Because 62 passengers on the Grand Princess for the Kurivials’ trip were aboard the prior sailing, the ship turned around instead of sailing toward Mexico as planned with its 2,422 passengers and 1,111 crew members. But the ship wasn’t allowed to dock in the city, with the US Coast Guard flying tests out to the boat via helicopter last Thursday. Passengers were allowed to roam on the ship until the tests came back Friday with 21 positive results, leading the cruise line to ask passengers to stay in their rooms. 

Passengers were then stuck on the ship until it docked at the Port of Oakland on Monday, with those who had tested positive going to local hospitals and an expectation that it would take days to get everyone off the ship. During the lull before the ship docked, President Donald Trump initially said he’d like to keep passengers on board.

“I like the numbers being where they are,” Trump said in an interview with Fox News. “I don’t need to have the numbers double because of one ship that wasn’t our fault.”

The lawsuit claimed negligence against Princess Cruises in failing to have proper screening protocols in place before the trip despite the Diamond Princess outbreak, saying passengers “were simply asked to fill out a piece of paper confirming they were not sick.”

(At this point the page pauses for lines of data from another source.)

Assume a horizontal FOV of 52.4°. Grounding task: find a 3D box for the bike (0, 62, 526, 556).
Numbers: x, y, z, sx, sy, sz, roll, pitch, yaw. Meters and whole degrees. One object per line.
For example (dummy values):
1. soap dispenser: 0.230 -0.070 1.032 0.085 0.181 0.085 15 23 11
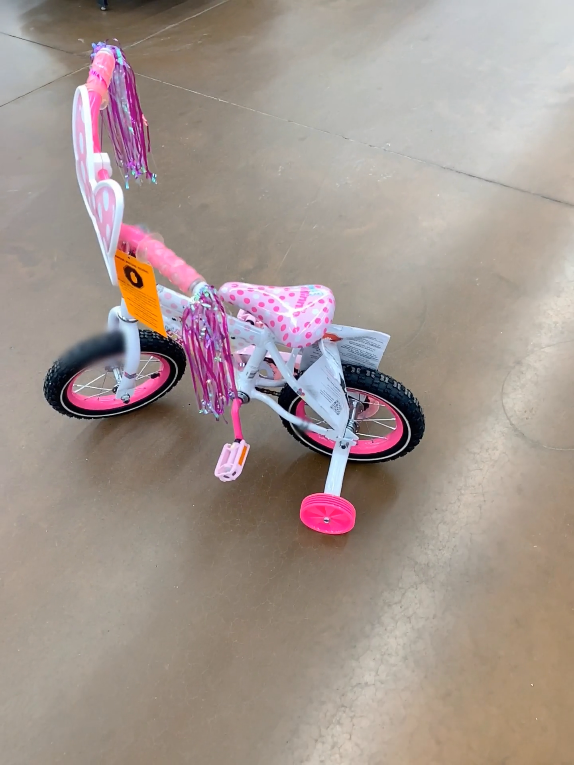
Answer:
1. bike: -0.103 -0.121 1.033 0.724 0.648 0.503 5 49 7
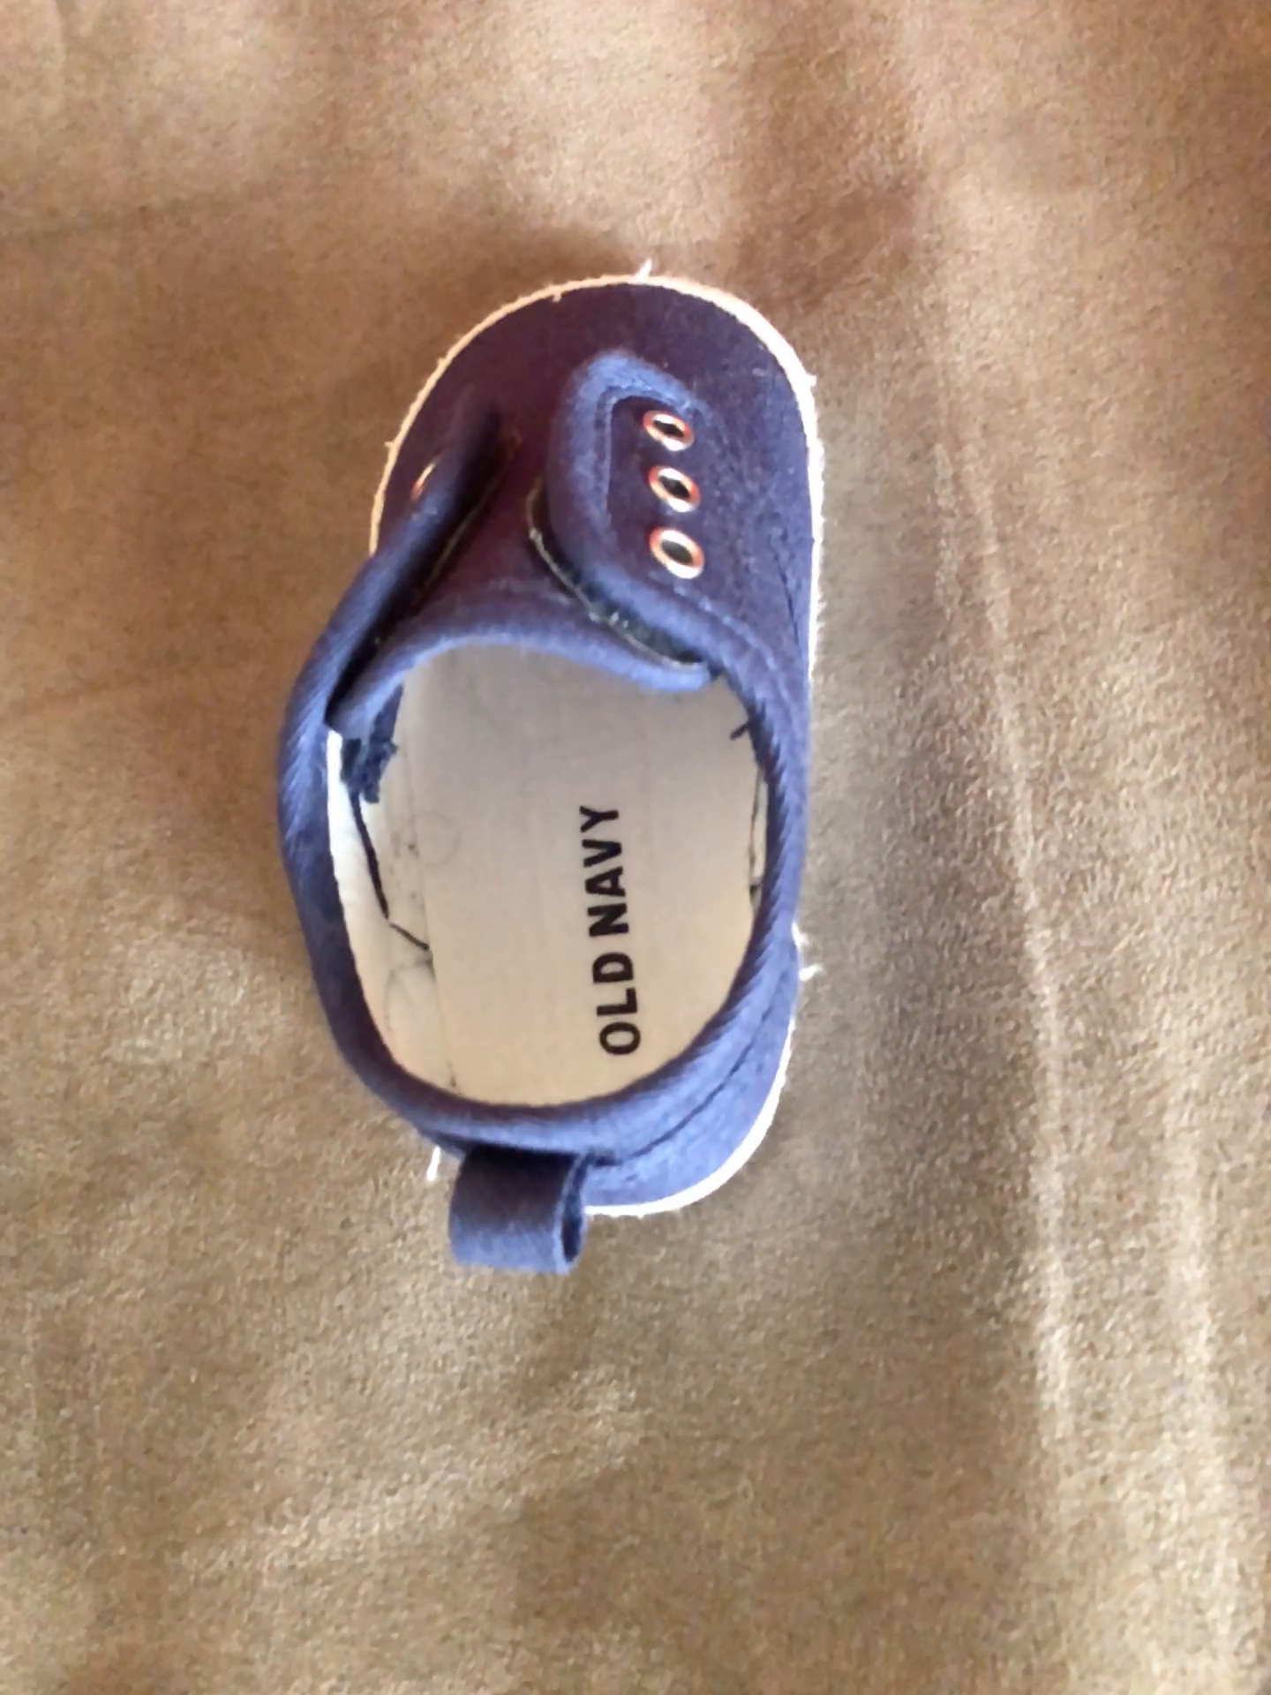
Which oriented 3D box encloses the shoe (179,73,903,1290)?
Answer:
[{"bbox_3d":[-0.008,-0.012,0.163,0.060,0.060,0.110,-6,82,16],"label":"shoe"}]
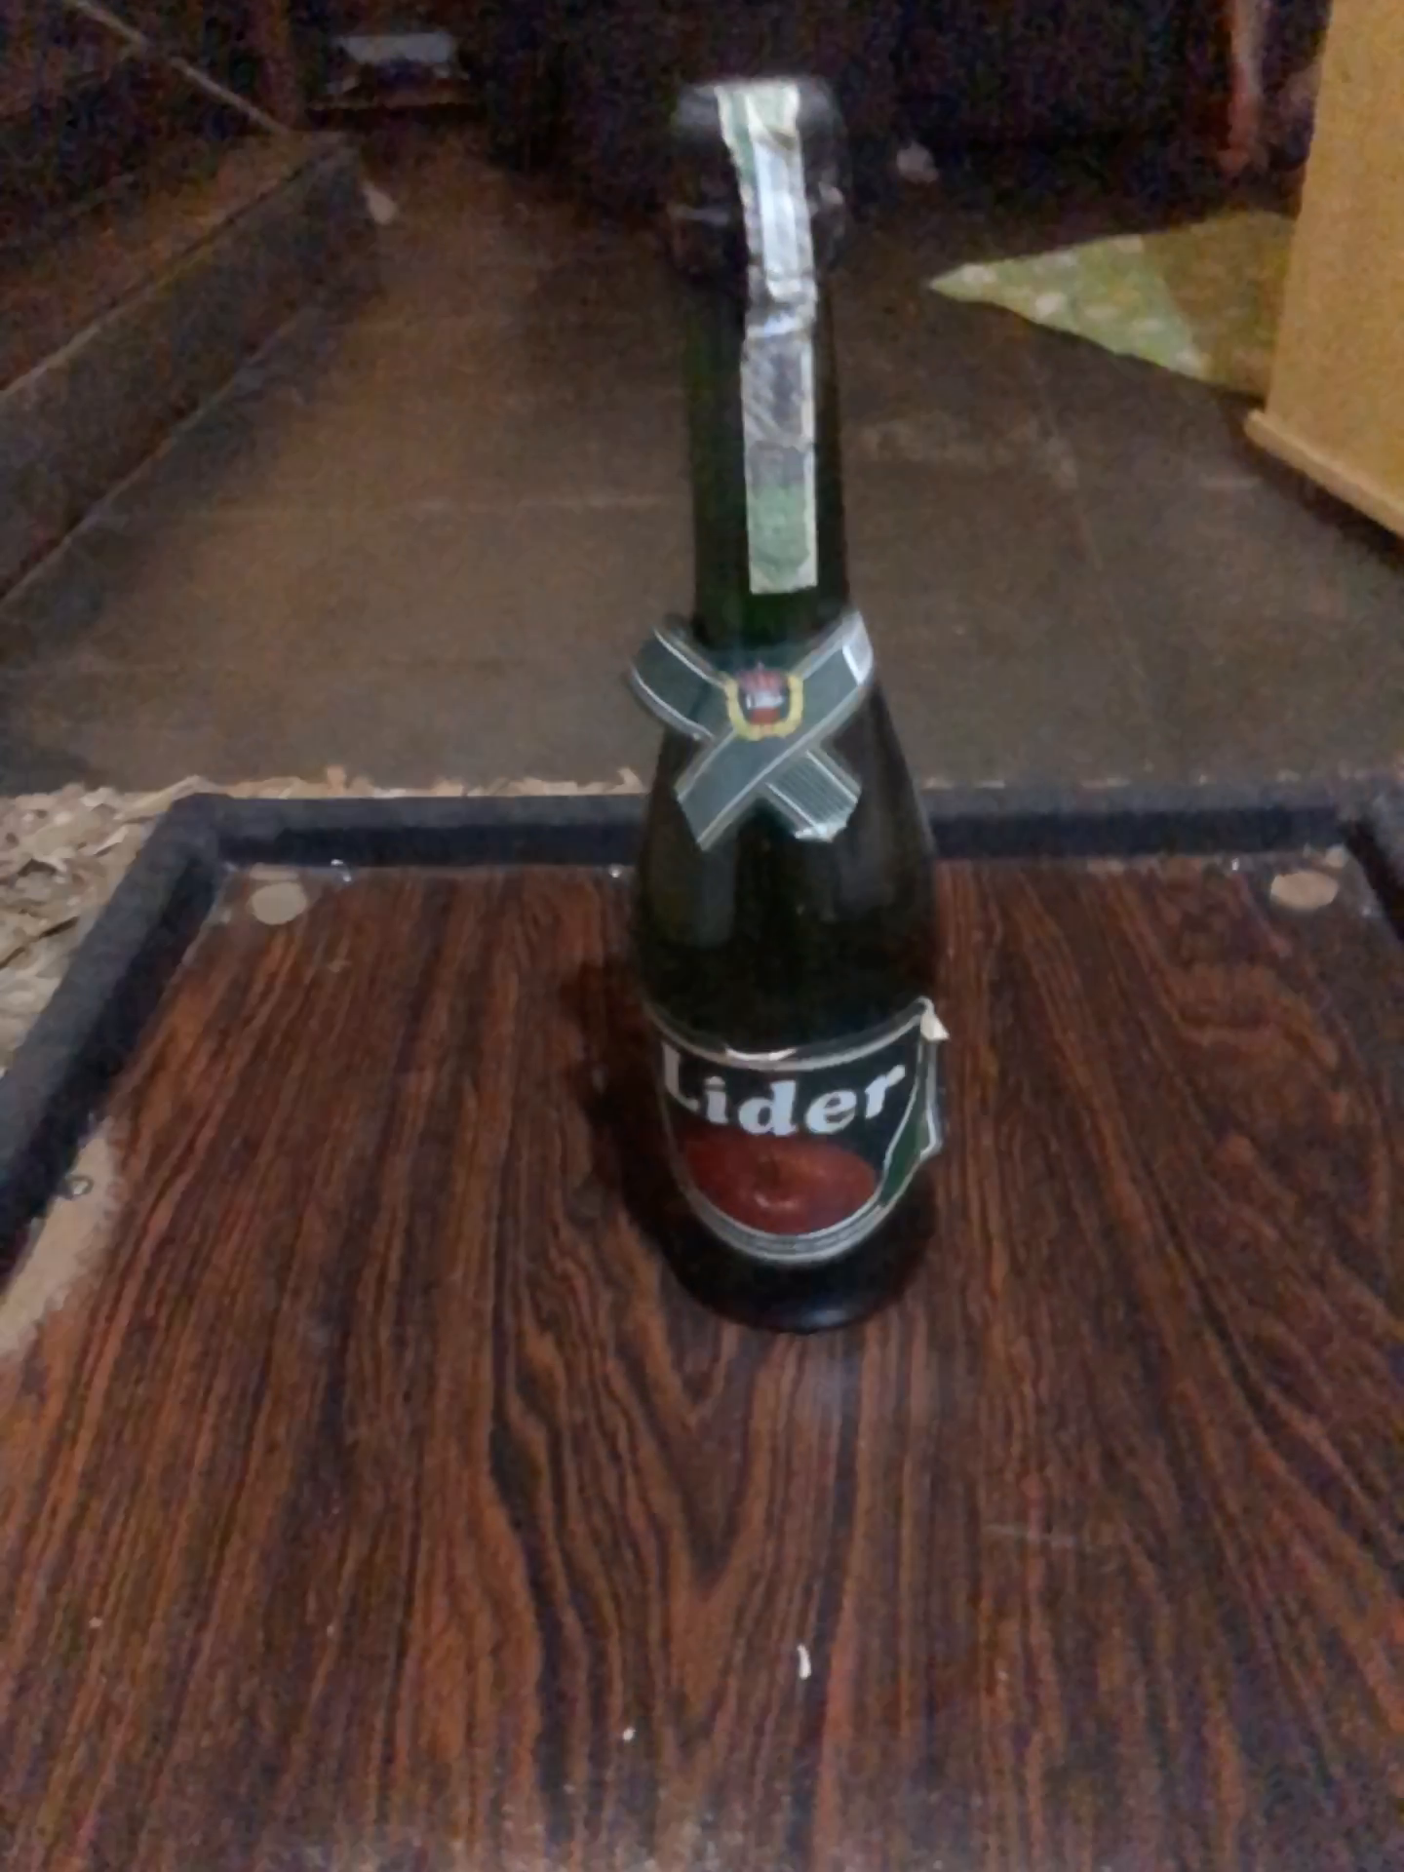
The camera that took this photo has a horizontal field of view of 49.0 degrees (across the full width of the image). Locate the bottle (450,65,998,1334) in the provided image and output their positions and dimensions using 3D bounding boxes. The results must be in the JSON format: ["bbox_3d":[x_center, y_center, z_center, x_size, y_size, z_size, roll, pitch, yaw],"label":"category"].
[{"bbox_3d":[0.016,-0.035,0.366,0.090,0.288,0.081,1,36,8],"label":"bottle"}]
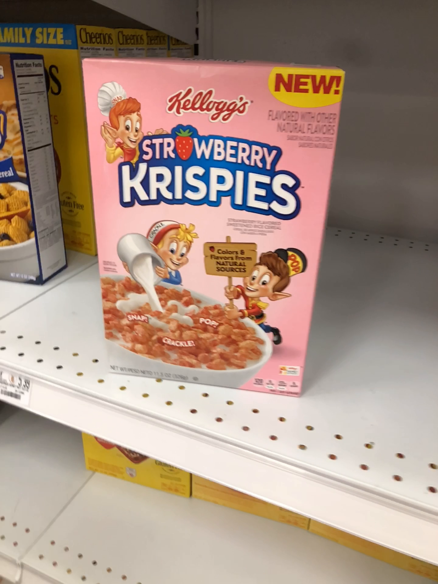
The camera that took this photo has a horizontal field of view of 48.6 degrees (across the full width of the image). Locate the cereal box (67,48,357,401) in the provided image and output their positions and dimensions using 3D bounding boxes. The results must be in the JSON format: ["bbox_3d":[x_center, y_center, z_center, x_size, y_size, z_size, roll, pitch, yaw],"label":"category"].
[{"bbox_3d":[-0.004,-0.051,0.429,0.200,0.289,0.070,5,29,9],"label":"cereal box"}]
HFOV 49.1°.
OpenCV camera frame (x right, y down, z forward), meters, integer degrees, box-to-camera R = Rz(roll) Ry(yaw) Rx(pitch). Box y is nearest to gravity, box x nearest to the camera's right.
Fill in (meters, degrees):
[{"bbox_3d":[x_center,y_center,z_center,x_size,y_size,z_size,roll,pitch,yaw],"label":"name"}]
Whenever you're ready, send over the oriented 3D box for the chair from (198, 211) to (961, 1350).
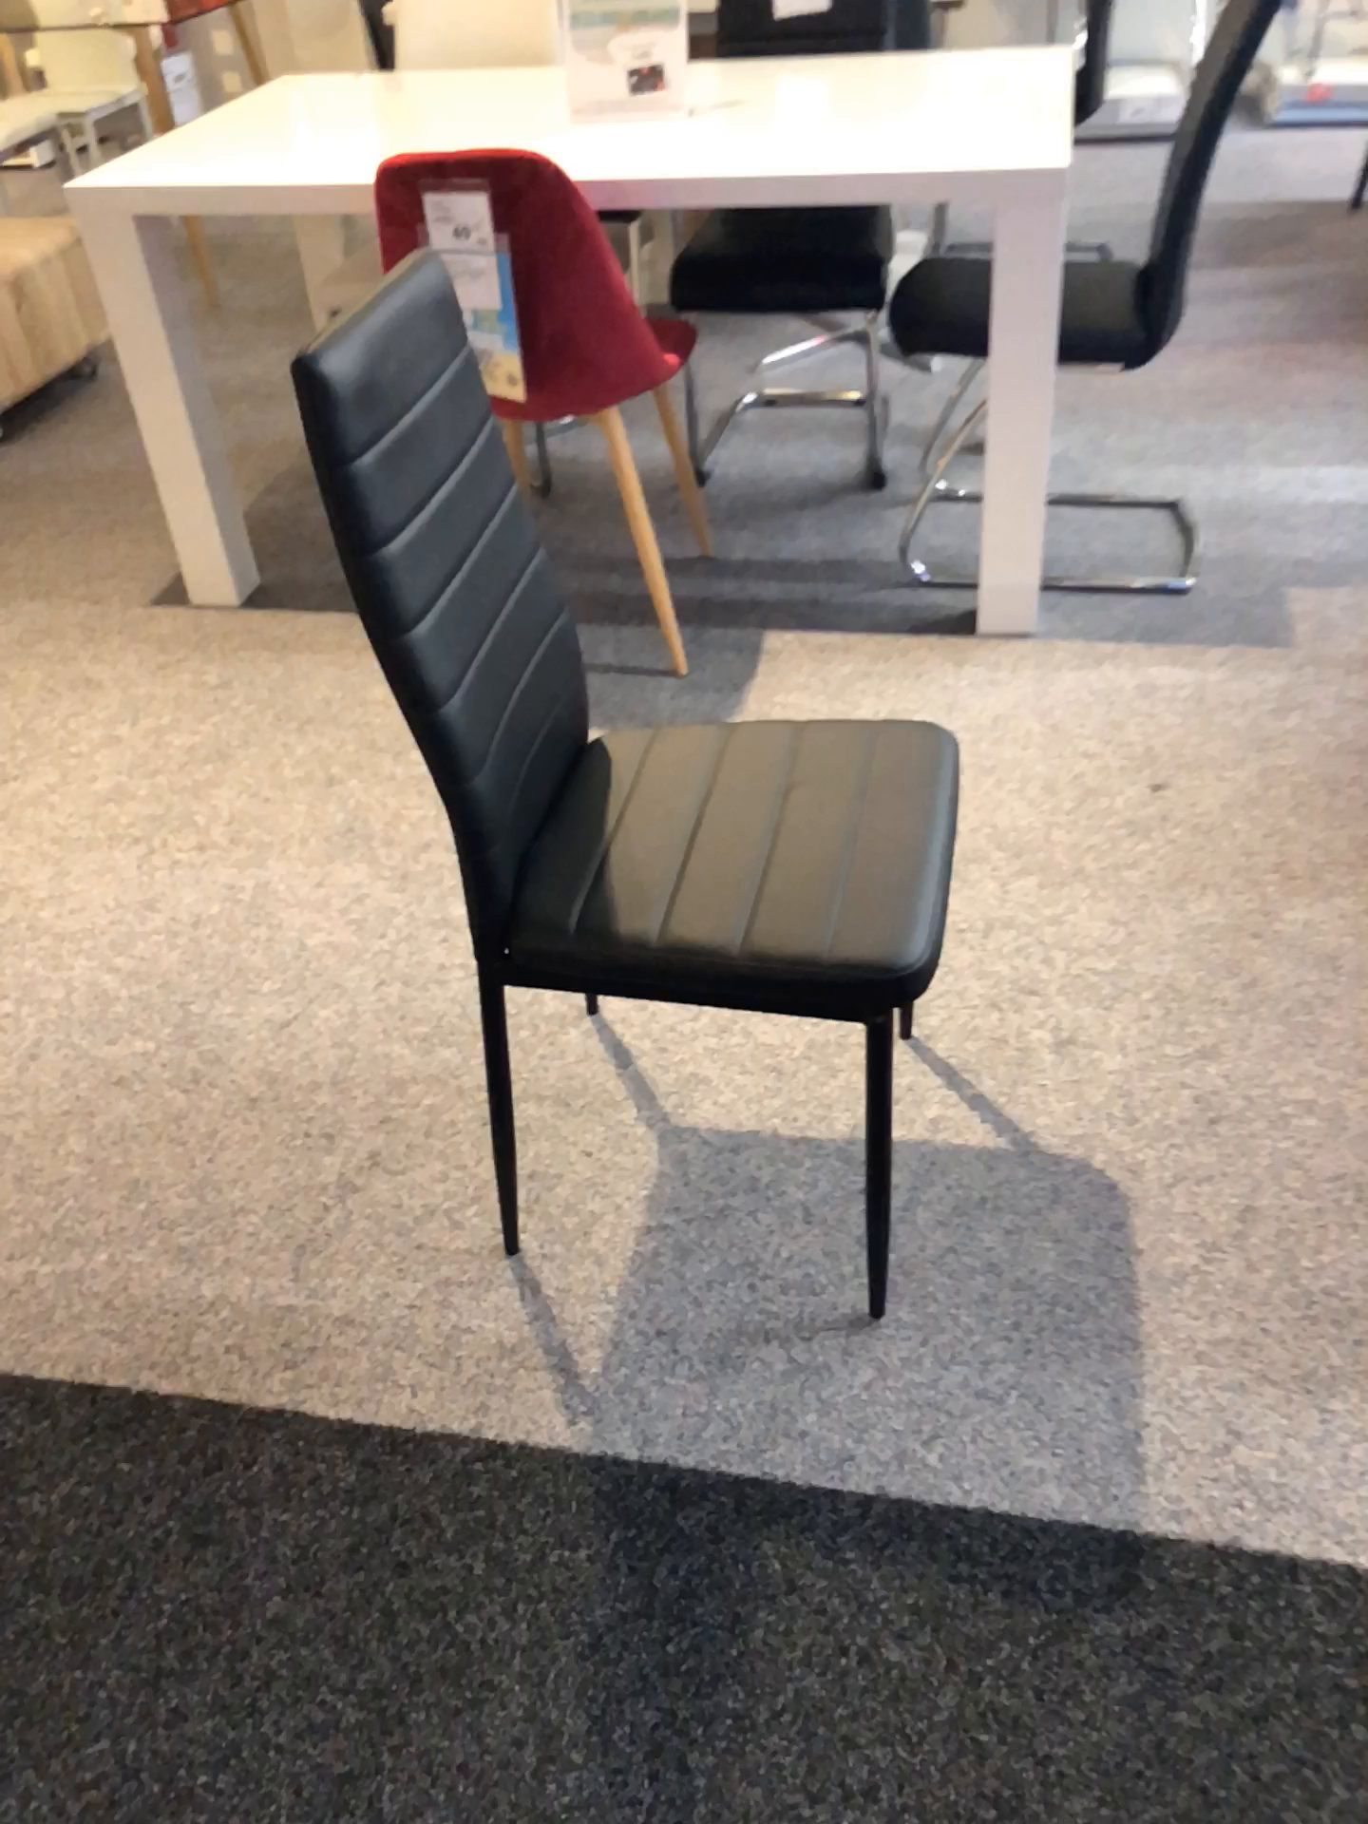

“Not one passenger was questioned, let alone examined in any capacity,” the lawsuit read. “Incredibly, not one of those sixty two passengers or crew members who were mixing and mingling with the infected prior passengers were ever examined during the instant voyage until being tested for the virus on Thursday March 5, 2020, two weeks after the ship sailed.”

The Kurivials were aboard the ship when the lawsuit was filed this week, it said, and had been anchored off the coast of San Francisco since March 4. The lawsuit also said Princess Cruises sent emails to passengers on the previous sailing on February 25 to notify them of a potential coronavirus exposure, but that the Kurivials weren’t given the same information or they “would have disembarked at the first port of call” in Hawaii the next day — which a crew member did as a result of the coronavirus, the lawsuit said. The Kurivials weren’t informed of the departure. 

Had the two known about the risk before sailing, the lawsuit said, they would have never boarded at all. 

The lawsuit described Princess Cruises as having a “lackadaisical approach to the safety” of the Kurivials, and said the line’s actions are an “extreme departure” from “what a reasonably careful cruise line would do” given their age and unspecified underlying medical conditions. 

“Defendant Princess chose to place profits over the safety of its passengers, crew and the general public in continuing to operate business as usual, despite their knowledge of the actual risk of injury to Plaintiffs,” the lawsuit said. 

Princess Cruises told Business Insider that it has “not been served with any lawsuit relating to this matter,” and that the company won’t comment on pending litigation. The statement sent to Business Insider mirrors one given to CNN in response to the Weissbergers’ similar claims. 

“Princess Cruises has been sensitive to the difficulties the COVID-19 outbreak has caused to our guests and crew,” the statement said. “Our response throughout this process has focused on the well-being of our guests and crew within the parameters mandated on us by the government agencies involved and the evolving medical understanding of this new illness.”